_Data_
....
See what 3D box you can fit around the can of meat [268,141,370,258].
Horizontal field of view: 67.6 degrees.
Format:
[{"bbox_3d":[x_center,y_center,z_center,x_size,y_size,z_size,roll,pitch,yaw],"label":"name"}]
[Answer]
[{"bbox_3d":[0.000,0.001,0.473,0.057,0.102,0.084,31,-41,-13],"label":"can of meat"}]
....
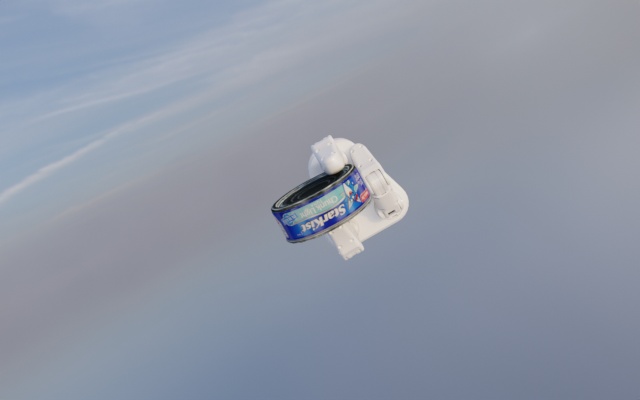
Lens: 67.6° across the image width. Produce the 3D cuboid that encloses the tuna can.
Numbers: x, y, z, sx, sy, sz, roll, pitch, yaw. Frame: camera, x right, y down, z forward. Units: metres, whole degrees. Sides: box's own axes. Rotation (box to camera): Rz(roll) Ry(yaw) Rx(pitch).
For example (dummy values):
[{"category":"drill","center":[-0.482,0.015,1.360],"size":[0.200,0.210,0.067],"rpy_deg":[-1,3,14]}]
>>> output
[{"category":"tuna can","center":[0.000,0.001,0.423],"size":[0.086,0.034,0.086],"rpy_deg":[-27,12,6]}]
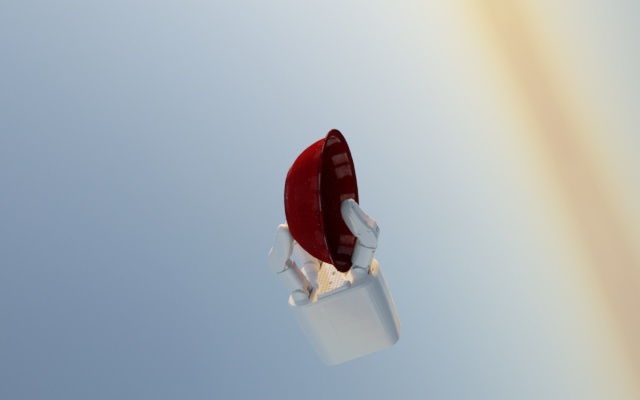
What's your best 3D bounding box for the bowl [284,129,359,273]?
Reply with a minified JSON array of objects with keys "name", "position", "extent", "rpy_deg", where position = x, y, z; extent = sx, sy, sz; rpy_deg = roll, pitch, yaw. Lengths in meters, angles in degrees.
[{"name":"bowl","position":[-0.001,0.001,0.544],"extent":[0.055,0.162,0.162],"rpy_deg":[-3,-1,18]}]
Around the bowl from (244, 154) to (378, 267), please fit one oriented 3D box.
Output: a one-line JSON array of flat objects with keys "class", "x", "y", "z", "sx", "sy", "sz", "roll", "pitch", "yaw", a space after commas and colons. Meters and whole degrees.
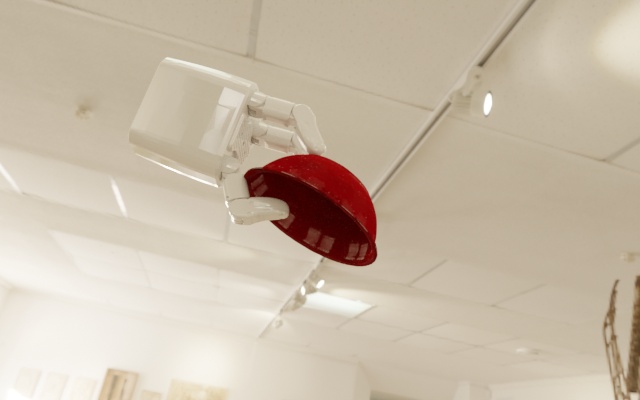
....
_What is expected_
Give back exactly the lines above, from the line containing "What's your best" through the line containing "Output: a one-line", with both end lines and nothing more.

_Solution to the exercise_
What's your best 3D bounding box for the bowl [284,129,359,273]?
Reply with a minified JSON array of objects with keys "name", "position", "extent", "rpy_deg", where position = x, y, z; extent = sx, sy, sz; rpy_deg = roll, pitch, yaw. Lengths in meters, angles in degrees.
[{"name":"bowl","position":[-0.001,0.001,0.544],"extent":[0.055,0.162,0.162],"rpy_deg":[-3,-1,18]}]
Around the bowl from (244, 154) to (378, 267), please fit one oriented 3D box.
Output: a one-line JSON array of flat objects with keys "class", "x", "y", "z", "sx", "sy", "sz", "roll", "pitch", "yaw", a space after commas and colons. Meters and whole degrees.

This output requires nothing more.